На месте встречи подруга сразу пригласила Наталью в свою машину и приказала водителю двигаться в сторону Новой Риги. Вопросы о причине таких действий проигнорировала. Что-то секретное?
Ехали не то чтобы молча. Болтали о разных пустяках. Выехав за город, миновав Красногорск и лукойловскую заправку, остановились на обочине. Здесь Лариса отправила водителя «пособирать грибы, а то у нас тут будут девичьи секреты».

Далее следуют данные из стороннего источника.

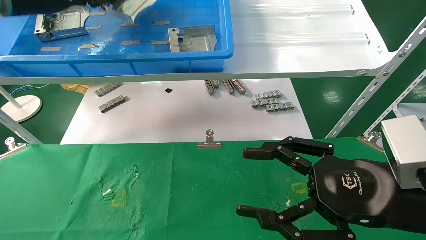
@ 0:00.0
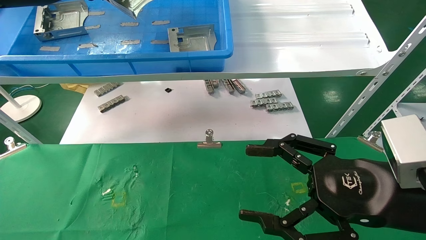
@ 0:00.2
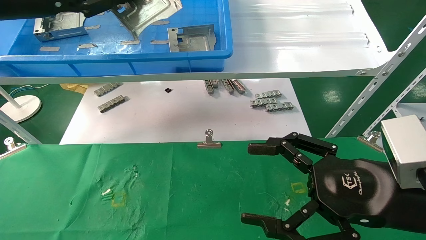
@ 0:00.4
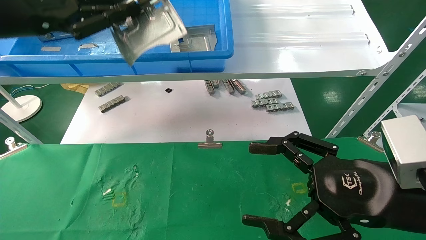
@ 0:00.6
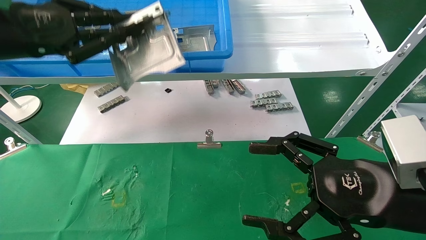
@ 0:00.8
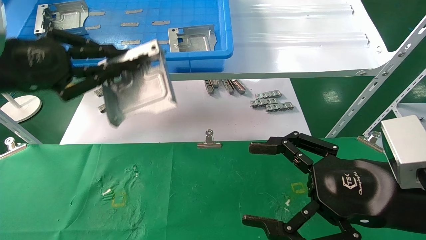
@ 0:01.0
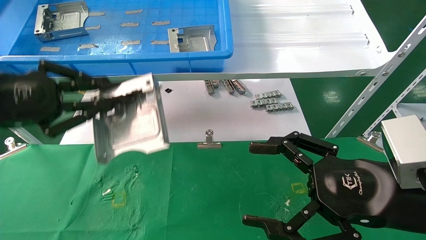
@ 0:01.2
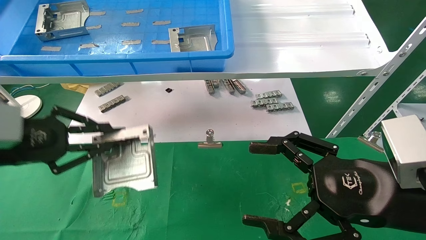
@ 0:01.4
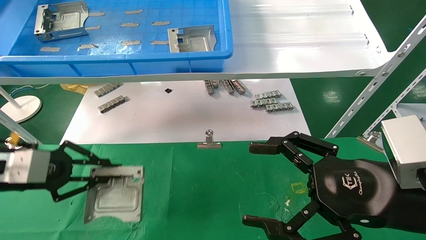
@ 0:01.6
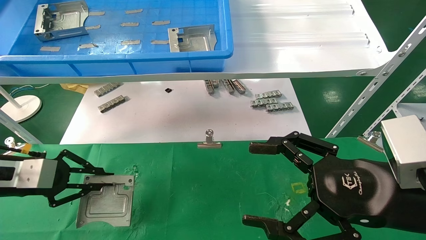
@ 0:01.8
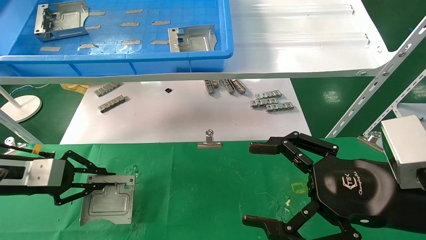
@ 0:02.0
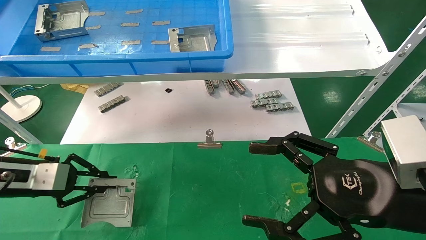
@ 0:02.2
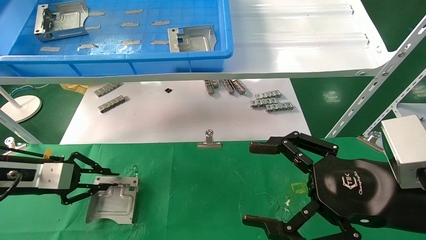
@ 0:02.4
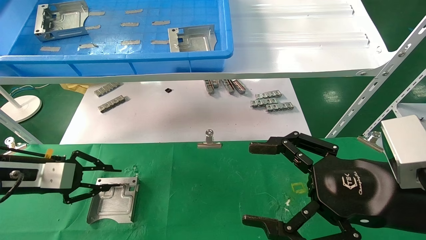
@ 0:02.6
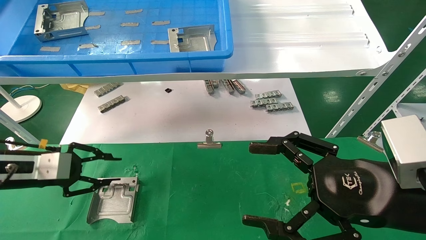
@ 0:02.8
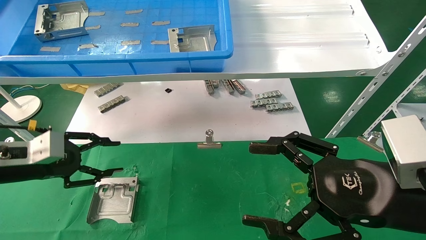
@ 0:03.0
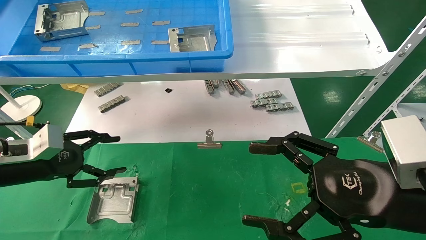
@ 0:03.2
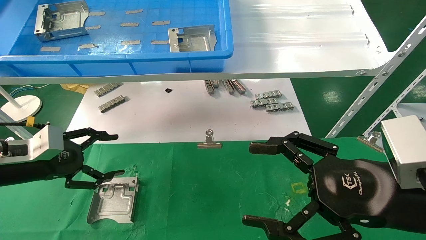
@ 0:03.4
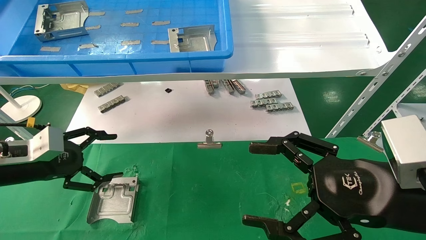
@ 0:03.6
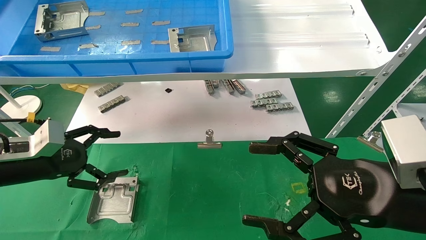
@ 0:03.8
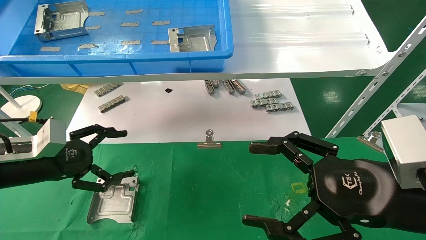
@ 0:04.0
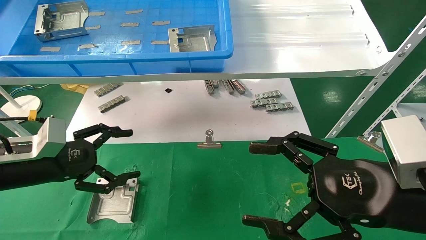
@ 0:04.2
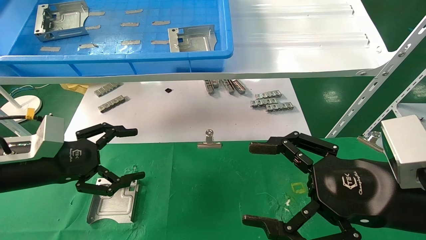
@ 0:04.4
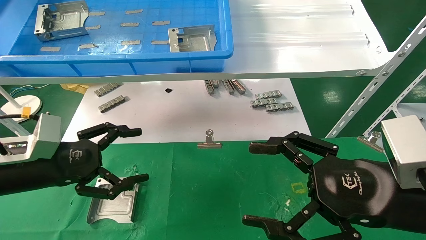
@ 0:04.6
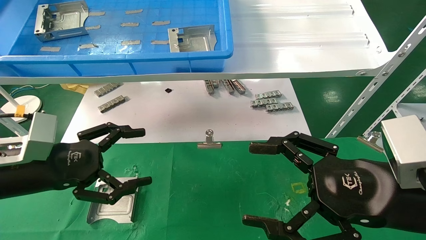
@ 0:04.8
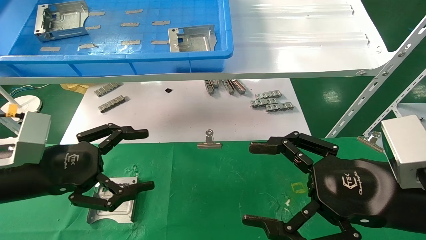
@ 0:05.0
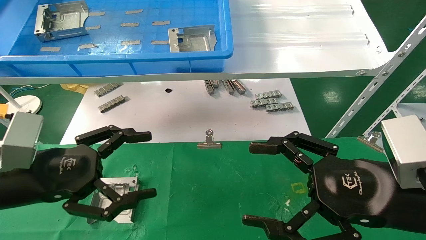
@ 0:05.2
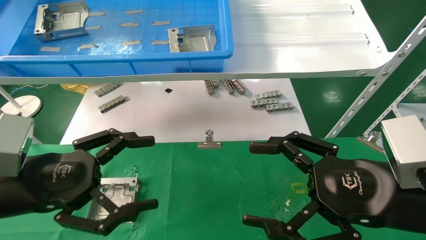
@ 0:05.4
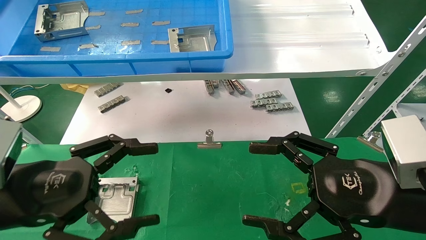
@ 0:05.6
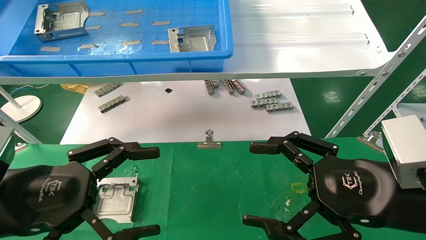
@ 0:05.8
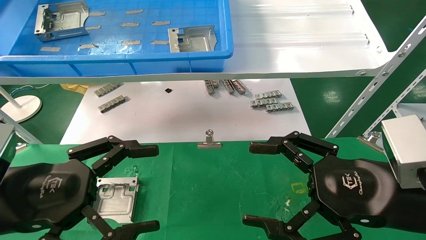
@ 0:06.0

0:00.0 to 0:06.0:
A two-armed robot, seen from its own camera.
Task of the whole recording: use the mechanical arm to pick up the parts and place them on the table.
Step, 0:00.2 to 0:03.0: Place the hard drive bracket into the box.
0:00.0 to 0:01.6: The left gripper is displaced downward by about 25 cm. The right gripper opens its fingers.
0:01.6 to 0:03.0: The left gripper changes place by roughly 5 cm, and opens its fingers.
0:03.0 to 0:04.4: The left gripper heads to the right, covering some 5 cm, and opens.
0:04.4 to 0:06.0: The left gripper travels backward and to the right by approximately 15 cm.

— Дело важное, — пояснила она, когда женщины остались одни. — А тут надежно: видеокамер нет, для прослушки надо останавливаться. А остановившихся мы сразу засечем. — После паузы добавила: — Если кто остановится, немедленно говорим о том, что тебе нужно для публикации текста о Владимирском…
«Хм… Это уже положительно интригует», — мелькнуло в голове у Натальи. Дело, как следовало из тихого, но почти горячечного по экспрессивности рассказа подруги, состояло в следующем.

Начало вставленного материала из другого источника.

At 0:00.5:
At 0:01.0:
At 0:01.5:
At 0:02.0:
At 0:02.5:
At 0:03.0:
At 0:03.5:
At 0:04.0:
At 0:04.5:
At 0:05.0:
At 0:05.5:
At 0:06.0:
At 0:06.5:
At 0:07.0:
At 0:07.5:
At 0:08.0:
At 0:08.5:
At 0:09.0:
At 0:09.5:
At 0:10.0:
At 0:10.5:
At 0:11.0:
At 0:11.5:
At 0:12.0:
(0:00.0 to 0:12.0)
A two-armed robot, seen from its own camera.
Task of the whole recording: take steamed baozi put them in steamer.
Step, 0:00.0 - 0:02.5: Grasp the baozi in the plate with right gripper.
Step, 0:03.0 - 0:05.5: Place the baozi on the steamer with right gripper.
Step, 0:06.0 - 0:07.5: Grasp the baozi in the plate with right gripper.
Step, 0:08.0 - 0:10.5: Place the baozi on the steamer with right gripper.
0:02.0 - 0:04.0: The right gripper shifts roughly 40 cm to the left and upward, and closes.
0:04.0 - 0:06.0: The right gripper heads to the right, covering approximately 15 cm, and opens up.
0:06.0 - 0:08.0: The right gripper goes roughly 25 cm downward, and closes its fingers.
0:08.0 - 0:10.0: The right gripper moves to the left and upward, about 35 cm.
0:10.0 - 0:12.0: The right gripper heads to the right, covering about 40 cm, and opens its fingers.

С недавних пор у Ларискиного папика явно начались неприятности. Некоторое время он отказывался давать по ним пояснения жене, но после одного удачного ночного нажима раскололся. По его словам, служба безопасности — да и он сам — стала отмечать какое-то непривычно плотное внимание к бизнесу Владимирского. Вроде бы ничего особенного, никакой системы. Но у некоторых подконтрольных компаний обнаружились проблемы. То кто-то связался с поставщиком, а на том, как оказалось, какой-то фальшак висел. И теперь УБЭП страшно приспичило проверить не только поставщика, но заодно и подконтрольную банкиру структуру. И вцепились плотно, никакими взятками не оторвешь. То в каком-то отделении недостаточно хорошо клиента проверили, а тот обналичку гнал, а об этом не доложили. Теперь трясут отделение. То кто-то с кем-то не расплатился, дело дошло до суда, а в качестве соответчика опять структура СМС фигурирует.